Opinioni
«Avevamo l'ordine di convincere i clienti ad acquistare i prodotti della banca»
di Alessandro D'Amato
Pubblicato il 2015-12-12
«Avevamo l’ordine di convincere più clienti possibili ad acquistare i prodotti della banca, settimanalmente eravamo obbligati a presentare dei report con dei budget che ogni filiale doveva raggiungere. L’ultimo della lista veniva richiamato pesantemente dal direttore»: basta leggere le prime righe della bellissima intervista di Federica Angeli a Marcello Benedetti, ex dipendente di Banca Etruria, […]

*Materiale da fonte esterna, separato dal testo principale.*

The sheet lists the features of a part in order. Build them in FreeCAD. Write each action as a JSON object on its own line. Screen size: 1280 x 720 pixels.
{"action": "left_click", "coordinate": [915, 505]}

«Avevamo l’ordine di convincere più clienti possibili ad acquistare i prodotti della banca, settimanalmente eravamo obbligati a presentare dei report con dei budget che ogni filiale doveva raggiungere. L’ultimo della lista veniva richiamato pesantemente dal direttore»: basta leggere le prime righe della bellissima intervista di Federica Angeli a Marcello Benedetti, ex dipendente di Banca Etruria, per capire di chi sia la responsabilità dei risparmi andati in fumo nella vicenda delle quattro banche risolte dal governo.

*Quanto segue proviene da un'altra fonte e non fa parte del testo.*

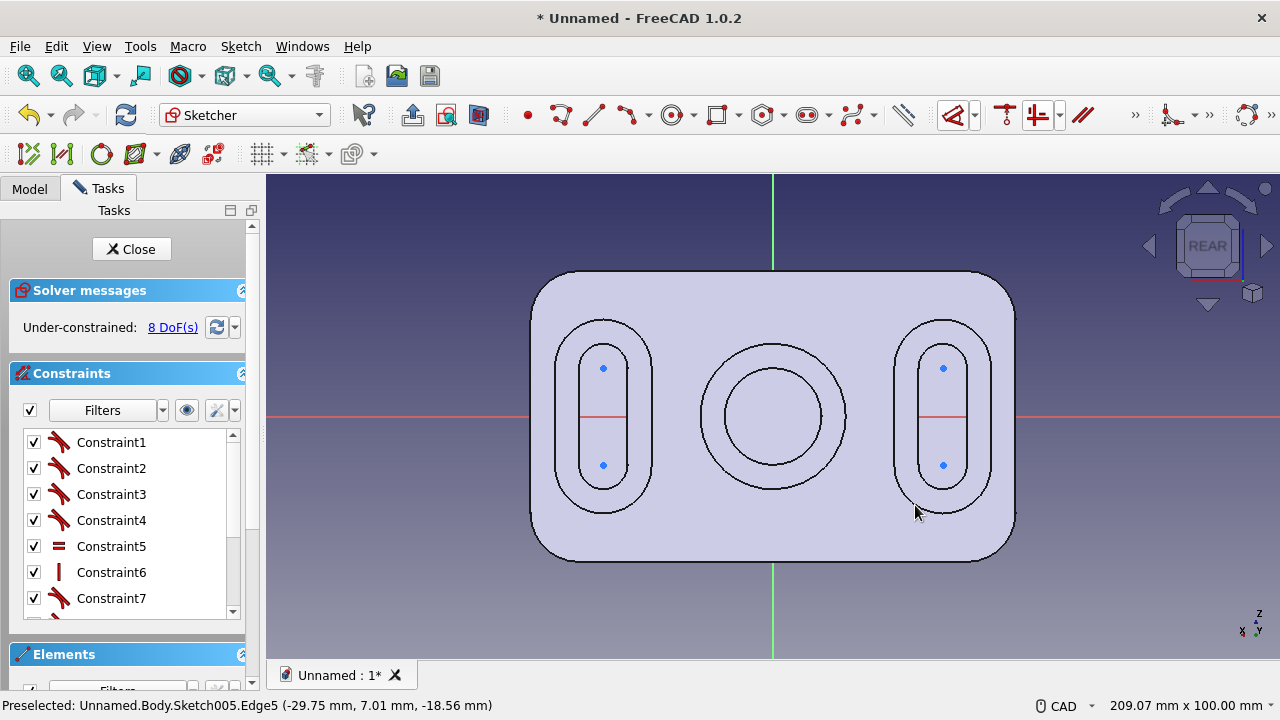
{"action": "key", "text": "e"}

Una storia che conosciamo bene, visto che è sempre la stessa: anche all’epoca di Cirio e Parmalat c’erano clienti che raccontavano le stesse cose, dipendenti che si giustificavano così e responsabili che non hanno mai pagato. E ci potete scommettere: finirà così anche questa volta. Un po’ perché bisogna anche ammettere che senza finanziarsi attraverso il retail molte banche italiane – specialmente quelle “banche del territorio ” che prestavano agli amici degli amici – sarebbero finite a gambe all’aria (o, come nel caso di Banca Etruria, ci sarebbero finite molto prima). Un po’ perché c’è anche un altro metodo utilizzato per vendere prodotti di rischio che andrebbe raccontato nel dettaglio: alcune delle banche finite nei guai hanno prospettato ai clienti di poter ottenere prestiti o mutui a tassi scontati a patto di acquistare azioni, cioè diventare soci della banca. Qui formalmente c’è poco da eccepire: è formalmente corretto che chi sia socio di un istituto di credito abbia condizioni più vantaggiose nell’ottenere credito. Ma è chiaro che in questo modo gli istituti di credito hanno giocato con le regole – fidandosi dell’assenza di controlli – per approfittarsi di chi, invece, pensava di fare un affarone (e ha la sua parte di responsabilità nelle perdite che ora deve conteggiare, come è successo alla “povera” Serracchiani).
«Io Luigino me lo sento sulla coscienza perché mi sono comportato da impiegato di banca e se fossi stato una persona che rispettava le regole non gli avrei fatto fare quel tipo di investimento», dice oggi l’ex impiegato di Banca Etruria. E il problema, a pensarci bene, è tutto lì. Lui si sente colpevole, ma lo dice perché ormai è un ex. Nella catena di comando nessuno avrà tanti scrupoli. Perché formalmente le regole sono state rispettate. Un po’ come in tutti i crimini burocratici della storia. Avanti il prossimo.